═════ Exercise data ═════
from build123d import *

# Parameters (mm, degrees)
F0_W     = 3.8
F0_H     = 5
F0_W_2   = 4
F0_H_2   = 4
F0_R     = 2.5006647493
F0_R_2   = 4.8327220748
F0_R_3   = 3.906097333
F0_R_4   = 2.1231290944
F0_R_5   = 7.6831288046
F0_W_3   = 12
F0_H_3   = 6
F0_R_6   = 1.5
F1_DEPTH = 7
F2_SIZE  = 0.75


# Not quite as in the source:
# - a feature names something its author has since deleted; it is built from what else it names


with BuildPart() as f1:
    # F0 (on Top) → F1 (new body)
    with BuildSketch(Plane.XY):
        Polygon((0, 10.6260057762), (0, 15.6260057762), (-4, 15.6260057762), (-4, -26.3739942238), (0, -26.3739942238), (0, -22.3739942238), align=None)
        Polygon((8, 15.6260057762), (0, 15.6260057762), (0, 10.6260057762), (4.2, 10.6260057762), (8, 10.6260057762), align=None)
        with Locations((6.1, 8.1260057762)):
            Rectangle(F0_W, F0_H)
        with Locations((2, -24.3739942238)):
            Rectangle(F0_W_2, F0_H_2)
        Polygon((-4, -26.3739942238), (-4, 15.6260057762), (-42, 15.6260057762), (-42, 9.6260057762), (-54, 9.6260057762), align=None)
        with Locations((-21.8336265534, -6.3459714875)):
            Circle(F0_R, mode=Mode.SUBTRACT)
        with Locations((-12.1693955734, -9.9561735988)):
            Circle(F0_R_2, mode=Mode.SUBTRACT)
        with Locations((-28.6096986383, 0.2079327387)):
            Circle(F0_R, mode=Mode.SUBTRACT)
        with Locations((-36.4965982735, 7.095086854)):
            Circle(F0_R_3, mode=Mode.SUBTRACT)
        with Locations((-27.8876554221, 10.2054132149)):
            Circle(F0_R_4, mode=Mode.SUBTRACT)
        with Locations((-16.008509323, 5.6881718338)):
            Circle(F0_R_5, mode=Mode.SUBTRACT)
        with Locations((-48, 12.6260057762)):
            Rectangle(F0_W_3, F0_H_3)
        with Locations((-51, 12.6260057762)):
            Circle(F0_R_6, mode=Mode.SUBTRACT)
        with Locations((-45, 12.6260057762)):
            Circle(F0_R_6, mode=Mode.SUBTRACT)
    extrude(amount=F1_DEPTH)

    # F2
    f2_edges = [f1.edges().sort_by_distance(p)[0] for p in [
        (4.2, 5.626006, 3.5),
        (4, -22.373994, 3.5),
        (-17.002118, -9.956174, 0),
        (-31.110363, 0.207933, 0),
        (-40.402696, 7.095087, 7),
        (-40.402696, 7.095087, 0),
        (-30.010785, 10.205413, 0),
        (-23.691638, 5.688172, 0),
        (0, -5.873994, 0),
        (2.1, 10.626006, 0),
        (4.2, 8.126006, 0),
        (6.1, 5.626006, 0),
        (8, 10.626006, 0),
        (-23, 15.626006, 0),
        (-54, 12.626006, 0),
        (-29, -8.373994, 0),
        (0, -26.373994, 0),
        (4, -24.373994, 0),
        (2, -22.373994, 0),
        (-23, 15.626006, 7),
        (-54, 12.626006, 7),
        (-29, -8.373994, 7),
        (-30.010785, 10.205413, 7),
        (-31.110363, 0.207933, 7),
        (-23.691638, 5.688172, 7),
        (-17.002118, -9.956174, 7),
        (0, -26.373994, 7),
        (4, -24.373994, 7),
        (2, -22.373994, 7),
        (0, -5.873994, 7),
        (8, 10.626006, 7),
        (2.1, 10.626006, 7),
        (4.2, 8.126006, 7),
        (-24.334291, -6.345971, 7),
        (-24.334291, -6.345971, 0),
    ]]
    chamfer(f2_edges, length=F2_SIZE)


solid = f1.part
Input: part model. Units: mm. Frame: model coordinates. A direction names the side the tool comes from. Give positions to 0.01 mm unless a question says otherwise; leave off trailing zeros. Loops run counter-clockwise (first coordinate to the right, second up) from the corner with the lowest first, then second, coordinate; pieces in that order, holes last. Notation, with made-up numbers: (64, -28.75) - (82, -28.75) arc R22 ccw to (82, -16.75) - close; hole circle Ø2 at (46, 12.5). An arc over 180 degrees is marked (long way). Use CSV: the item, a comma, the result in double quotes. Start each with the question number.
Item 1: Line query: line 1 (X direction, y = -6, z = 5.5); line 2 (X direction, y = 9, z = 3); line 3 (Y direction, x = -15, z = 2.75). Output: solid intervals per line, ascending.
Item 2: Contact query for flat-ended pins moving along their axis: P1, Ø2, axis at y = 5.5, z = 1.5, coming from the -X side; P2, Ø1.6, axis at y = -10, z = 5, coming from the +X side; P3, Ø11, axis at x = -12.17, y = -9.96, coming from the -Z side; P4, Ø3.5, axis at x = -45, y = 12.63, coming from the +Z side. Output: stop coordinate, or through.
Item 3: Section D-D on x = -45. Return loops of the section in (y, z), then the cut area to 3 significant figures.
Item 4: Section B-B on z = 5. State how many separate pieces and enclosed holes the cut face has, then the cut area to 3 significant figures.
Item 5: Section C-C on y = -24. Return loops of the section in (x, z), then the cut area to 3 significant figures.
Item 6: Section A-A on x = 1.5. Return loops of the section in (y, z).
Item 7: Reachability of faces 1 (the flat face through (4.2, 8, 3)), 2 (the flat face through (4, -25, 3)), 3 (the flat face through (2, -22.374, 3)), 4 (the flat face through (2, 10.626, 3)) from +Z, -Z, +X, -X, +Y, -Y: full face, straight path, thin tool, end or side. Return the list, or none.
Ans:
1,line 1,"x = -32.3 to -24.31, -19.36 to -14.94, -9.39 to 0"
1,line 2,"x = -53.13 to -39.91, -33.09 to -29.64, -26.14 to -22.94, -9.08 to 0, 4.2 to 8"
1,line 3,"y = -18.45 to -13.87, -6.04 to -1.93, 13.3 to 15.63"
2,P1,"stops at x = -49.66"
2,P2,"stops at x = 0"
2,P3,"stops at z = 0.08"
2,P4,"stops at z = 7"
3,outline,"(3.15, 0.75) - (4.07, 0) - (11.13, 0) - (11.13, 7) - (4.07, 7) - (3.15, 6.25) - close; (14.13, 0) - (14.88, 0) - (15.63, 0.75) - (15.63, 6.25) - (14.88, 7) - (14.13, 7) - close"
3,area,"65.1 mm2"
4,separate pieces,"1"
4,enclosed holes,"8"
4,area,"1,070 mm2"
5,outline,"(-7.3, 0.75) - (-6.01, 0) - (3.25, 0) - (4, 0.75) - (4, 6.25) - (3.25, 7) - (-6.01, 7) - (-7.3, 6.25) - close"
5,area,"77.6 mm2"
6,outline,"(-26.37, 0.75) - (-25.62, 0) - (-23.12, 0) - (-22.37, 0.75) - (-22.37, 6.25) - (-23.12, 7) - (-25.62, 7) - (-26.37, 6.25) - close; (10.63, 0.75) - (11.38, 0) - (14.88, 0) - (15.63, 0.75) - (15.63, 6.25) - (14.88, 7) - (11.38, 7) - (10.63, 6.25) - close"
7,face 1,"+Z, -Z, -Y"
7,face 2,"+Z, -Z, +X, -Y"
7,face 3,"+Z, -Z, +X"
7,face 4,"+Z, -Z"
═════
═════ Exercise data ═════
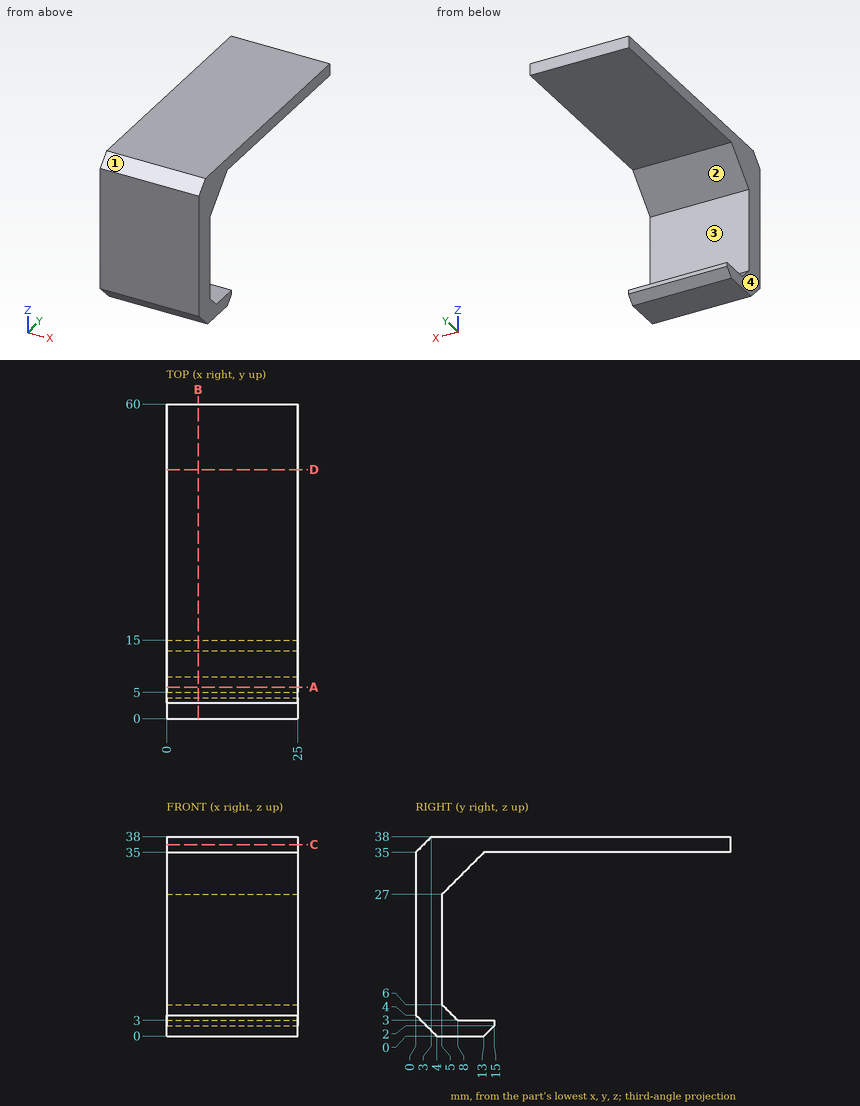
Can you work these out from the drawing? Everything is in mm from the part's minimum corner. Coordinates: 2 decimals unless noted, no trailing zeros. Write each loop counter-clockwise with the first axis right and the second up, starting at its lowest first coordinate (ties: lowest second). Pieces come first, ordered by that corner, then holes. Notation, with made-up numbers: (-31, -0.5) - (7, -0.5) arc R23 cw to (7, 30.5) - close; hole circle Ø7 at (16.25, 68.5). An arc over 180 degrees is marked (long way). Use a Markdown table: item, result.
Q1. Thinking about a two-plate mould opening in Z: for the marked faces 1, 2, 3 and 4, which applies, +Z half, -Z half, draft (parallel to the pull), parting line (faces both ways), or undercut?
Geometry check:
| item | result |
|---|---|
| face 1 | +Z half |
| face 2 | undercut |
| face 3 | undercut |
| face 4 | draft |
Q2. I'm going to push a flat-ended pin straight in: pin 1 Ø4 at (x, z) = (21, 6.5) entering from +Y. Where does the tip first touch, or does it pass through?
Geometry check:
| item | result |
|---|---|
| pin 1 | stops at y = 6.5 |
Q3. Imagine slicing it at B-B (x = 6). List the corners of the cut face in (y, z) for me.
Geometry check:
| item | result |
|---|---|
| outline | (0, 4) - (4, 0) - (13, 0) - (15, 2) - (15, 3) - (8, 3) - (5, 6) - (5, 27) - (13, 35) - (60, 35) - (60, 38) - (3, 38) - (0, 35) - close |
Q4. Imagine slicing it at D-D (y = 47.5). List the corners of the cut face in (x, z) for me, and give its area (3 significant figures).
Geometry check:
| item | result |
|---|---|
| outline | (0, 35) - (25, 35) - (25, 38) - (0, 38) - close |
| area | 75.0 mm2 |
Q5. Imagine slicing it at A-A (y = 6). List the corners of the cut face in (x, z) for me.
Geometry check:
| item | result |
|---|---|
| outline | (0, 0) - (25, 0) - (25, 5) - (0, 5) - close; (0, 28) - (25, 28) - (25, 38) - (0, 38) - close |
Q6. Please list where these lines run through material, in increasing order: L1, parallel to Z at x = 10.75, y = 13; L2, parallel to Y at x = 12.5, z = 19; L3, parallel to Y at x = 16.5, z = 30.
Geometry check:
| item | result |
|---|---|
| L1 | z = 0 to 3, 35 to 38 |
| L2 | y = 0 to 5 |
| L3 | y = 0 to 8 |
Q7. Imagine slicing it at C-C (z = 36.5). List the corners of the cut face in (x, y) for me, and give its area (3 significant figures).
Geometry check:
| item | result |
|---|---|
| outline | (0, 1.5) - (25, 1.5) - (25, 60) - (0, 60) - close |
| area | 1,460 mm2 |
═════
═════ Exercise data ═════
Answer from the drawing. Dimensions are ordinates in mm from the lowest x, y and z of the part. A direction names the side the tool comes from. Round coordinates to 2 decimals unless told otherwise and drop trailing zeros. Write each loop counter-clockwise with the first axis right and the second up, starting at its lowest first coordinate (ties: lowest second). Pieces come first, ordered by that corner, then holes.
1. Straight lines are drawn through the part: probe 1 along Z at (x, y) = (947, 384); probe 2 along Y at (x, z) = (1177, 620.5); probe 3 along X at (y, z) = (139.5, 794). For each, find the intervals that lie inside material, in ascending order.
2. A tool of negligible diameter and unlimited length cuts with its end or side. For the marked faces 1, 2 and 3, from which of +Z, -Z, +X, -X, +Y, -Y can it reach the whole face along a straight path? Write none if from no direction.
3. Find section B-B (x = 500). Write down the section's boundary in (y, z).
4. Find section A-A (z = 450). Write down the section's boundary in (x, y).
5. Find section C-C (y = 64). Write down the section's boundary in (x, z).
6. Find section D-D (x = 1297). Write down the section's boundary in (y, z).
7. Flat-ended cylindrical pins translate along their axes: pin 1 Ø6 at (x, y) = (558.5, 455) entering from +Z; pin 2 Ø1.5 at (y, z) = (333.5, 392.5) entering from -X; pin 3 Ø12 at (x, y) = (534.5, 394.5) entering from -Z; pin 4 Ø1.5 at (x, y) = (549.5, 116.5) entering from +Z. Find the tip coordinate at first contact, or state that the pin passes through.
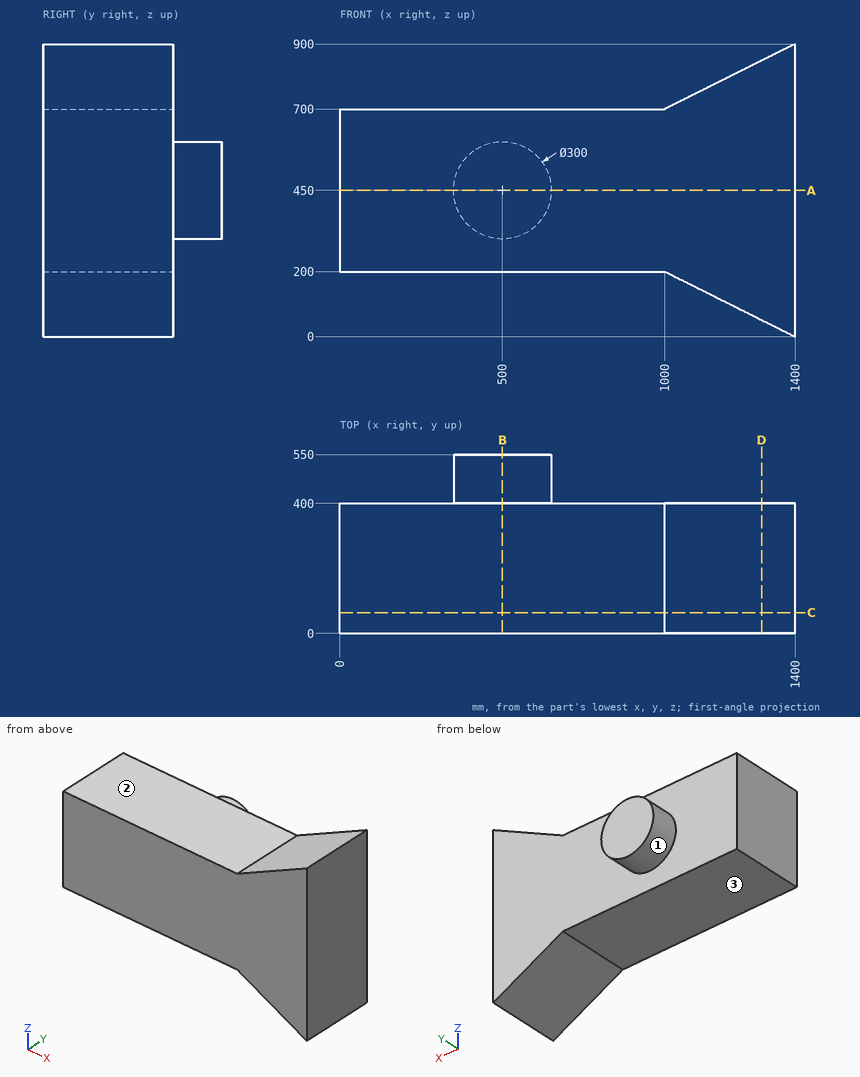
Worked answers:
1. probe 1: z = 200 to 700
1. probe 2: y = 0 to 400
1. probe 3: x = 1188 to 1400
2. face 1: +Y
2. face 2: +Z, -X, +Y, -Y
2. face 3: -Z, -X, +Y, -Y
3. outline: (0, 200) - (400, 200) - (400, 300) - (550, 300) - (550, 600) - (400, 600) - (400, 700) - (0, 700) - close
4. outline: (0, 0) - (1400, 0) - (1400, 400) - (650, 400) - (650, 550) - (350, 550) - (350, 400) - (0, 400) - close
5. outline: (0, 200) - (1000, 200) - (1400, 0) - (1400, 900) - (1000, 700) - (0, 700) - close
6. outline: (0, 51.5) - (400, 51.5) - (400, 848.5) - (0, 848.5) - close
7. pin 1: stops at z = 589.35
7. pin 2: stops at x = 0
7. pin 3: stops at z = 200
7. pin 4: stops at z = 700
═════
> What is required
From the entries above, extract each line containing "degrees".

> Written solution
# Parameters (mm, degrees)
Input: part model. Units: mm. Frame: model coordinates. A direction names the side the tool comes from. Give positions to 0.01 mm unless a question says otherwise; leave off trailing zeros. Loops run counter-clockwise (first coordinate to the right, second up) from the corner with the lowest first, then second, coordinate; pieces in that order, holes last. Notation, with made-up numbers: (64, -28.75) - (82, -28.75) arc R22 ccw to (82, -16.75) - close; hole circle Ø2 at (46, 12.5). An arc over 180 degrees is marked (long way). Use CSV: the item, a comma, the result in double quotes. Start each with the question number.
Can you work these out from the drawing? Everything is in mm from the part's minimum corner. Coordinates: 2 decimals unless noted, no trailing zeros. Write each loop counter-clockwise with the first axis right and the second up, starting at its lowest first coordinate (ties: lowest second). Pieces come first, ordered by that corner, then holes. Notation, with made-up numbers: (-31, -0.5) - (7, -0.5) arc R23 cw to (7, 30.5) - close; hole circle Ø7 at (16.25, 68.5). An arc over 180 degrees is marked (long way). Use a Markdown table: item, result.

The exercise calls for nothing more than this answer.